Items listed in a dataset:
^^^^^^^^

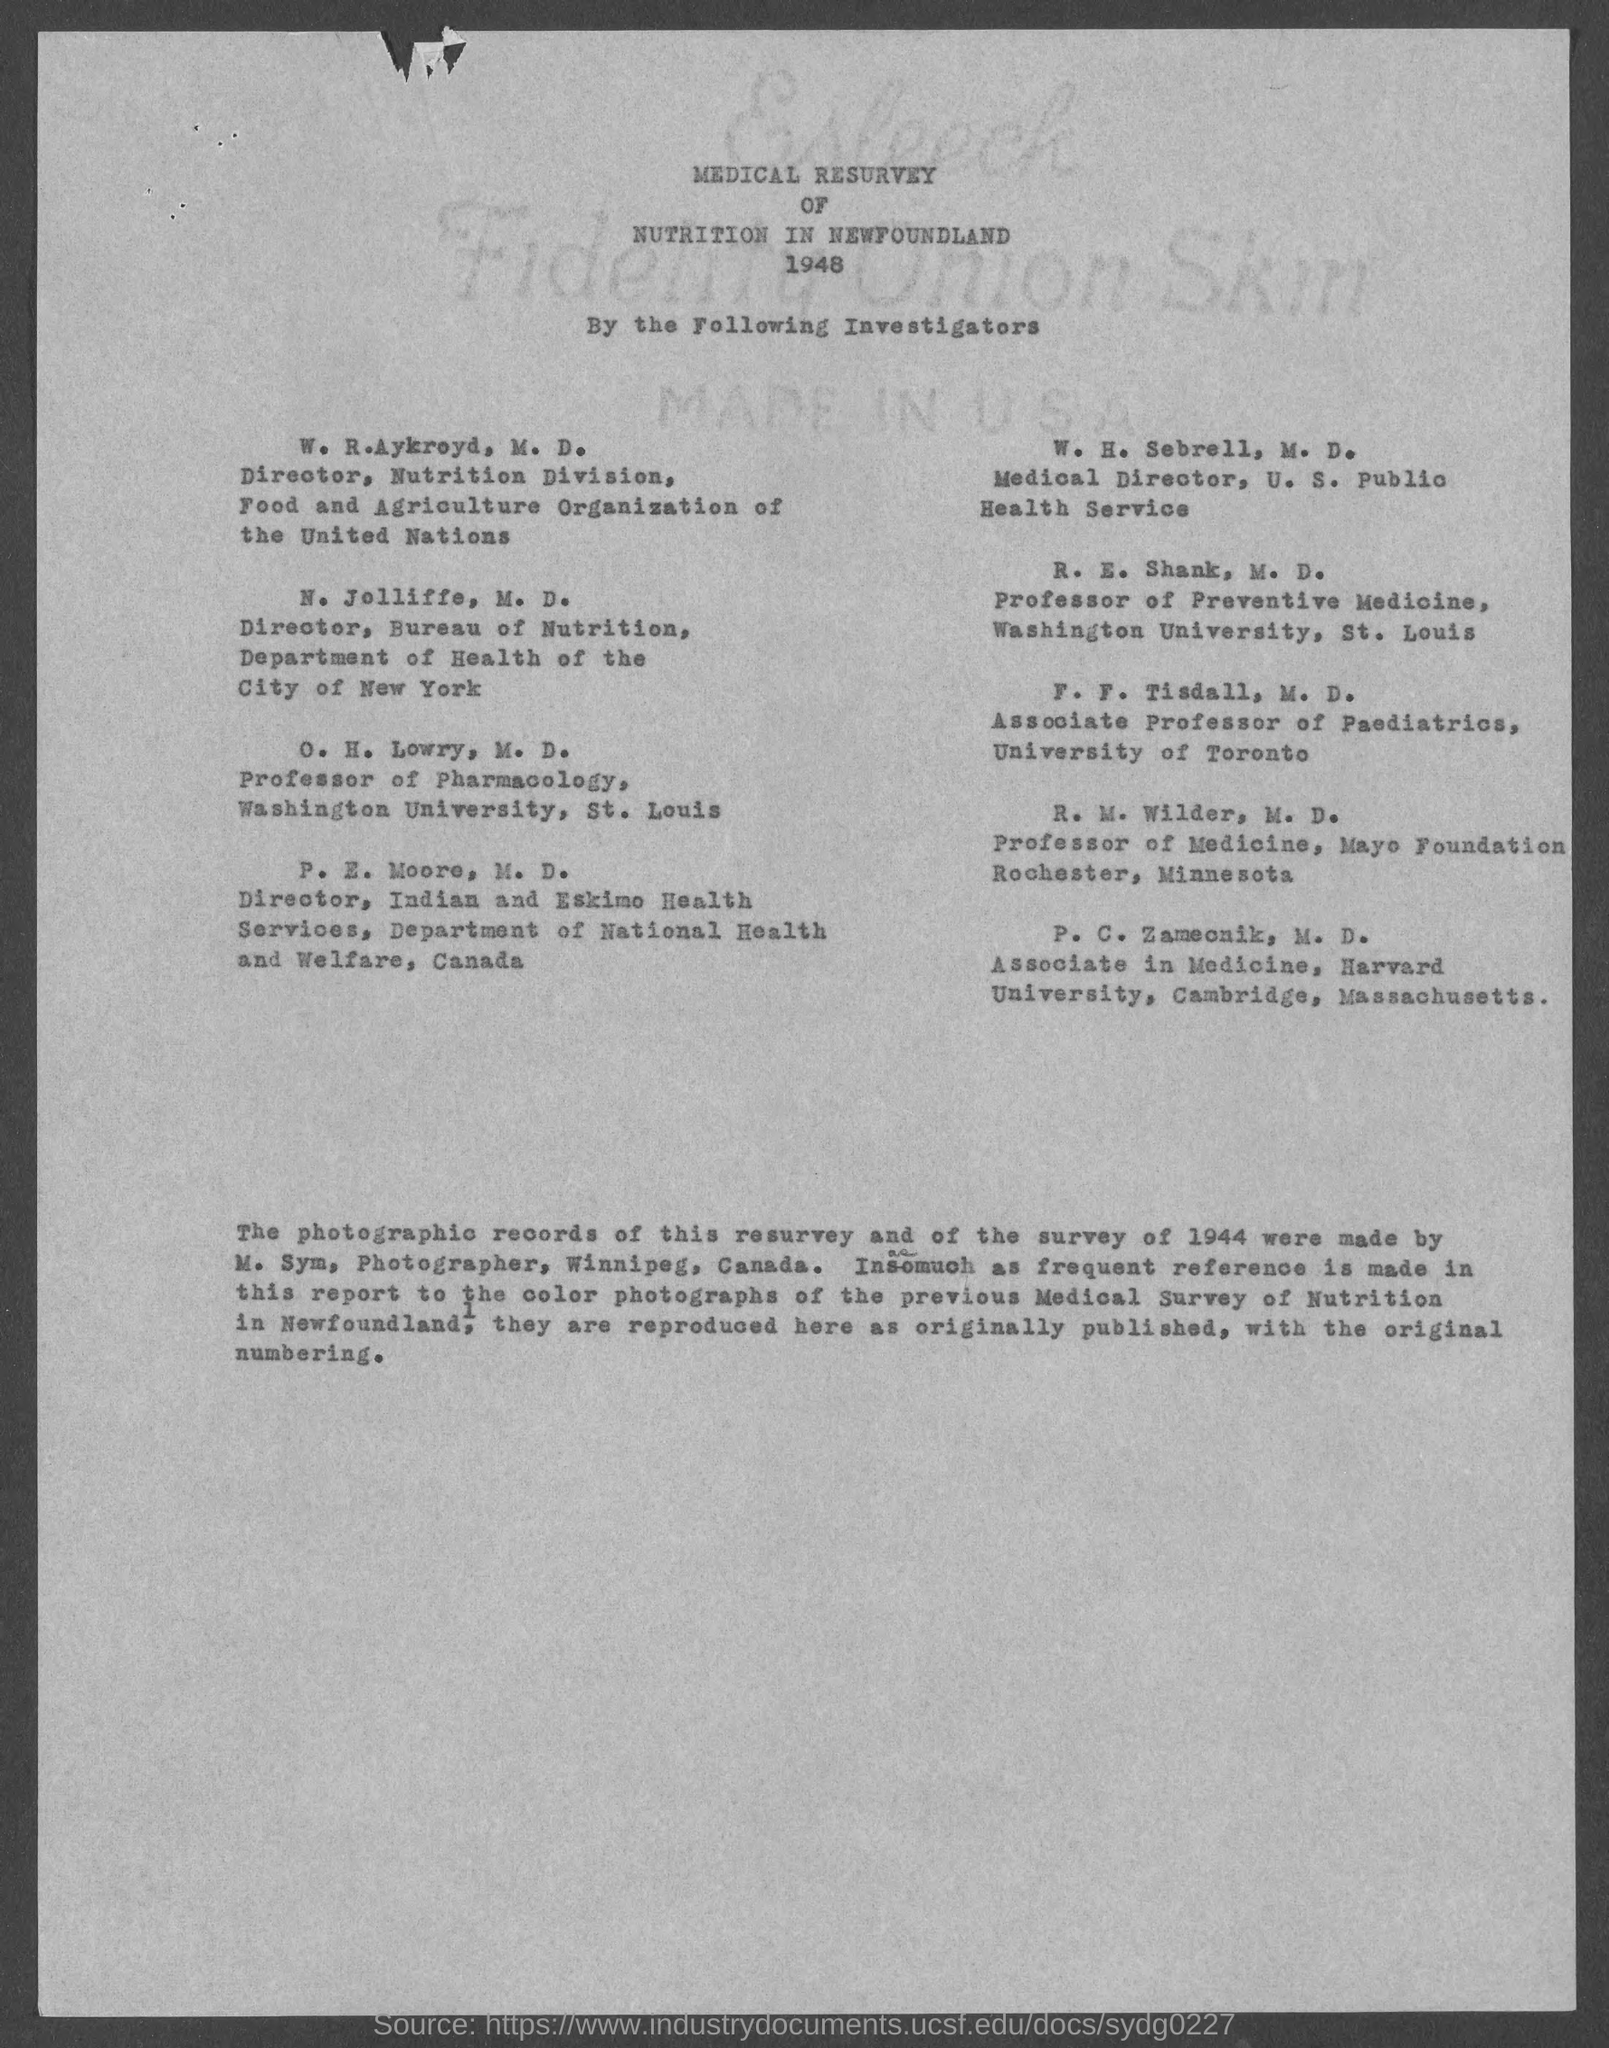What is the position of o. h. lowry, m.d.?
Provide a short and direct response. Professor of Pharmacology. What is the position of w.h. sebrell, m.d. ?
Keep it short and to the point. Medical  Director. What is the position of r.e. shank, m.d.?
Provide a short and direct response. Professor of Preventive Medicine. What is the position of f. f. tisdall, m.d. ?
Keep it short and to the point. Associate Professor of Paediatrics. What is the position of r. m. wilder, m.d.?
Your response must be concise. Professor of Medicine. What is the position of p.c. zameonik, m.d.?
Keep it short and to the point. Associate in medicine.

^^^^^^^^

Task prompt: Report each line in the data that holds the word "Professor".

Solution:
Provide a short and direct response. Professor of Pharmacology. What is the position of w.h. sebrell, m.d. ?
Provide a short and direct response. Professor of Preventive Medicine. What is the position of f. f. tisdall, m.d. ?
Keep it short and to the point. Associate Professor of Paediatrics. What is the position of r. m. wilder, m.d.?
Your response must be concise. Professor of Medicine. What is the position of p.c. zameonik, m.d.?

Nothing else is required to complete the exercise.